All these things laid bare? Liam was a gay man who had been keeping his sexuality secret.

“At the back of my mind, being the age I was at, I knew there wasn’t a hope of getting anywhere against these people,” he said of his sense of helplessness when shown the door.

“They took my tie; they took my tunic and my baton. I had no other trousers with me so they didn’t take them. And they didn’t take my notebook.

"I still have my notebooks from 1982. I've clung onto the hope there may be some streak of humanity in the upper echelons of An Garda Síochána and I might get my job back; but no."

Liam – it is not his real name – finally gave up on the hope wrapped up in those notebooks when he reached his 60th birthday, beyond which nobody can serve in the Garda.

The day after he was ordered out of the station he says two other “gloating” Garda members came to his home demanding his spare uniform, his belt, torch and other items.

A gay man in An Garda Síochána in the early 1980s, he was shown the door just two days before his two-year probationary period would have expired; he was that close to making the grade.

Liam insists there can have been no other reason, other than his sexuality, for the dismissal. Just weeks before, he had been praised in his official assessment for his work ethic and output. At that point, senior officers had recommended he be retained after his probation period ended.
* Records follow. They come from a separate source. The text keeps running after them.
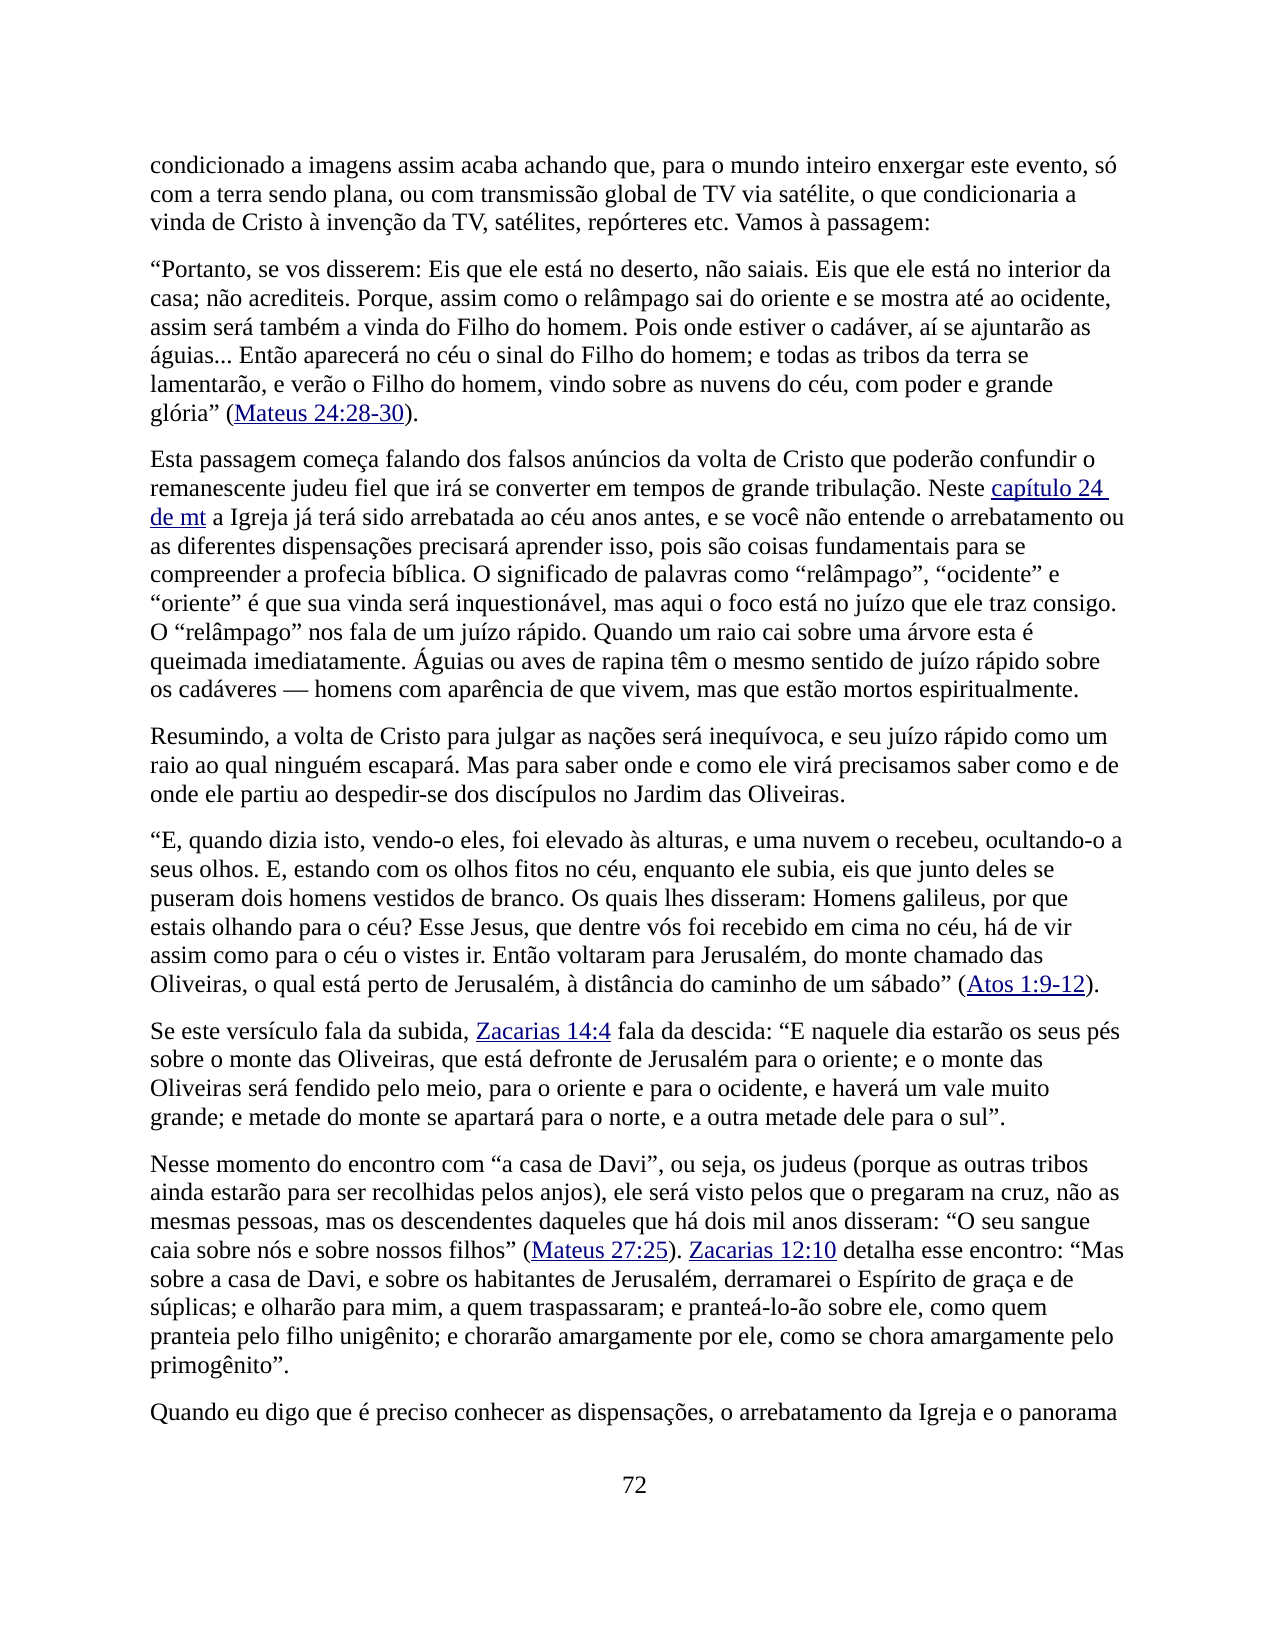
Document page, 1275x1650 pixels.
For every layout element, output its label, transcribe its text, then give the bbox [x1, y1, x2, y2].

text Resumindo, a volta de Cristo para julgar as nações será inequívoca, e seu juízo rápido como um raio ao qual ninguém escapará. Mas para saber onde e como ele virá precisamos saber como e de onde ele partiu ao despedir-se dos discípulos no Jardim das Oliveiras. [150, 721, 1125, 807]
text “Portanto, se vos disserem: Eis que ele está no deserto, não saiais. Eis que ele está no interior da casa; não acrediteis. Porque, assim como o relâmpago sai do oriente e se mostra até ao ocidente, assim será também a vinda do Filho do homem. Pois onde estiver o cadáver, aí se ajuntarão as águias... Então aparecerá no céu o sinal do Filho do homem; e todas as tribos da terra se lamentarão, e verão o Filho do homem, vindo sobre as nuvens do céu, com poder e grande glória” (Mateus 24:28-30). [150, 254, 1125, 427]
text Nesse momento do encontro com “a casa de Davi”, ou seja, os judeus (porque as outras tribos ainda estarão para ser recolhidas pelos anjos), ele será visto pelos que o pregaram na cruz, não as mesmas pessoas, mas os descendentes daqueles que há dois mil anos disseram: “O seu sangue caia sobre nós e sobre nossos filhos” (Mateus 27:25). Zacarias 12:10 detalha esse encontro: “Mas sobre a casa de Davi, e sobre os habitantes de Jerusalém, derramarei o Espírito de graça e de súplicas; e olharão para mim, a quem traspassaram; e pranteá-lo-ão sobre ele, como quem pranteia pelo filho unigênito; e chorarão amargamente por ele, como se chora amargamente pelo primogênito”. [150, 1149, 1125, 1379]
text condicionado a imagens assim acaba achando que, para o mundo inteiro enxergar este evento, só com a terra sendo plana, ou com transmissão global de TV via satélite, o que condicionaria a vinda de Cristo à invenção da TV, satélites, repórteres etc. Vamos à passagem: [150, 150, 1125, 236]
text Esta passagem começa falando dos falsos anúncios da volta de Cristo que poderão confundir o remanescente judeu fiel que irá se converter em tempos de grande tribulação. Neste capítulo 24 de mt a Igreja já terá sido arrebatada ao céu anos antes, e se você não entende o arrebatamento ou as diferentes dispensações precisará aprender isso, pois são coisas fundamentais para se compreender a profecia bíblica. O significado de palavras como “relâmpago”, “ocidente” e “oriente” é que sua vinda será inquestionável, mas aqui o foco está no juízo que ele traz consigo. O “relâmpago” nos fala de um juízo rápido. Quando um raio cai sobre uma árvore esta é queimada imediatamente. Águias ou aves de rapina têm o mesmo sentido de juízo rápido sobre os cadáveres — homens com aparência de que vivem, mas que estão mortos espiritualmente. [150, 444, 1125, 703]
text “E, quando dizia isto, vendo-o eles, foi elevado às alturas, e uma nuvem o recebeu, ocultando-o a seus olhos. E, estando com os olhos fitos no céu, enquanto ele subia, eis que junto deles se puseram dois homens vestidos de branco. Os quais lhes disseram: Homens galileus, por que estais olhando para o céu? Esse Jesus, que dentre vós foi recebido em cima no céu, há de vir assim como para o céu o vistes ir. Então voltaram para Jerusalém, do monte chamado das Oliveiras, o qual está perto de Jerusalém, à distância do caminho de um sábado” (Atos 1:9-12). [150, 825, 1125, 998]
text Se este versículo fala da subida, Zacarias 14:4 fala da descida: “E naquele dia estarão os seus pés sobre o monte das Oliveiras, que está defronte de Jerusalém para o oriente; e o monte das Oliveiras será fendido pelo meio, para o oriente e para o ocidente, e haverá um vale muito grande; e metade do monte se apartará para o norte, e a outra metade dele para o sul”. [150, 1016, 1125, 1131]
text Quando eu digo que é preciso conhecer as dispensações, o arrebatamento da Igreja e o panorama [150, 1397, 1125, 1425]

The only issue he ever had, he recalls, was when he and a number of recruits consumed alcohol in a pub while they were in their first months as recruits. While they were off duty at the time, their visit to a pub was outside the designated period for recreation.

However, he says it was a very minor issue at the time and did not cause any problems for any of those involved, all of whom apart from Liam went on to become full-time Garda members.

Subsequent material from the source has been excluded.